TfN has also launched a consultation on its Decarbonisation Strategy for the North of England. The strategy sets out the ambitious target of near-zero carbon emissions from surface transport by 2045. Among the potential actions and areas of focus the strategy considers are zero emission vehicles; the decarbonisation of the rail network through electrification and the use of hydrogen and alternative fuel vehicles.

At the time of writing we are still waiting for the government to publish a landmark report on rail investment – the Integrated Rail Plan (IRP) – which promises to spell out its vision for now it will level up the country through a thorough refit of the North’s rail network. This aims to show how large planned rail infrastructure projects like HS2, NPR, the TransPennine Rail Upgrade and others, will be dovetailed and delivered over the next 20 years.

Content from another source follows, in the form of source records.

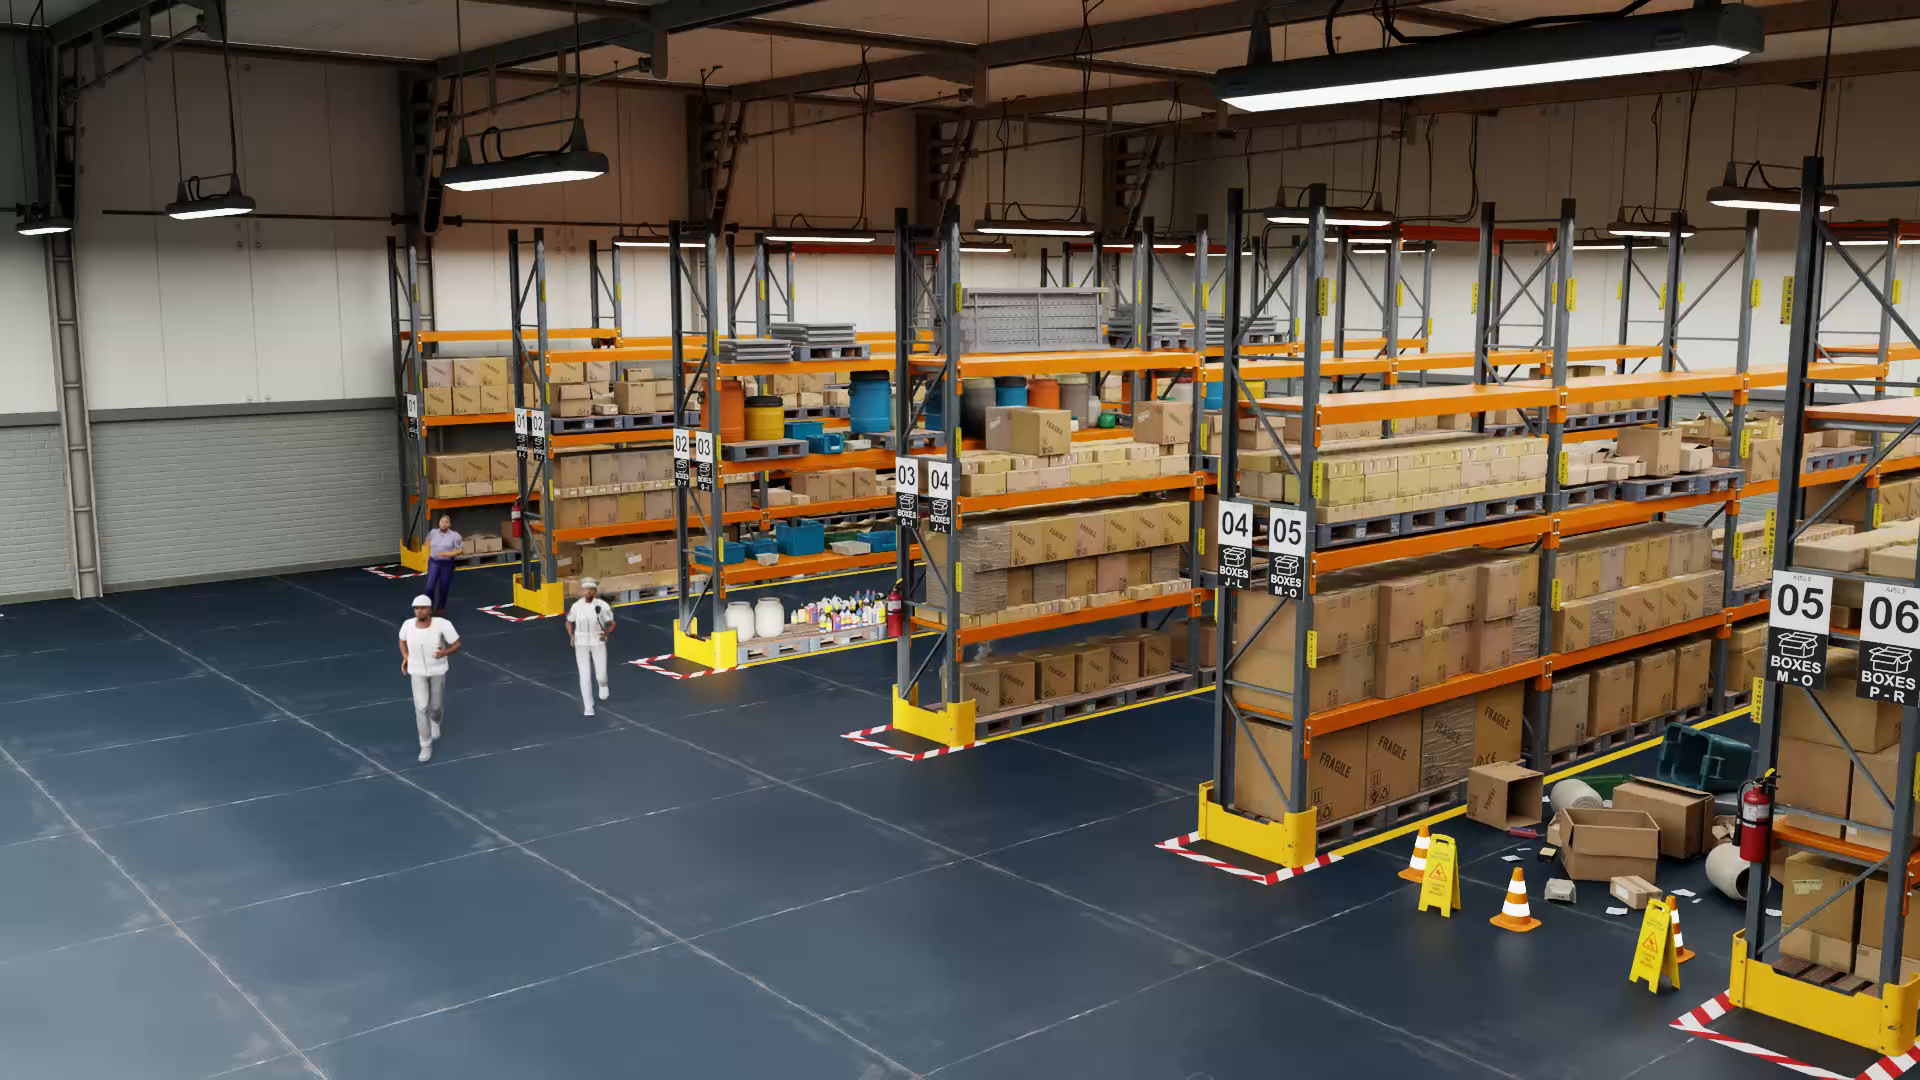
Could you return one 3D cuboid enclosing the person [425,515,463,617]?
[{"bbox_3d":[-8.023,0.420,25.789,0.651,1.646,0.664,-1,9,-10],"label":"person"}]

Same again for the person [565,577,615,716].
[{"bbox_3d":[-4.486,1.261,20.190,0.607,1.660,0.678,-1,9,-7],"label":"person"}]

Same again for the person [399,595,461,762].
[{"bbox_3d":[-5.867,1.476,18.413,0.682,1.780,0.915,-2,9,-11],"label":"person"}]

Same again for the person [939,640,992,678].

The decisions taken over the next few weeks and months could define the North’s prospects for the rest of this century and into the next. That’s how important it is. Now is not the time to scale back on ambition. The government we hope will commit to the full, transformational vision for both Northern Powerhouse Rail and the full HS2, including to Sheffield and Leeds.

The publication too of the Williams-Shapps report is a major national moment and a shift in how the railways are run. The planned establishment of Great British Railways to oversee track and train as a guiding mind, alongside plans for new service contracts and flexible fares, is something we at TfN have been championing for some time.

It is an opportunity for devolution which cannot be missed, giving the North’s leaders greater oversight of services and infrastructure investment to deliver more integrated regional networks that work for everyone. We will work with the government as it begins to work through the detail and we stand ready to drive positive change in the interests of our passengers.

There is a lot of work to do. TfN has already worked together with the government in developing a vision of a successful and connected North. Now let’s crack on and deliver that vision for the North together.

Tim Wood is interim CEO at Transport for the North.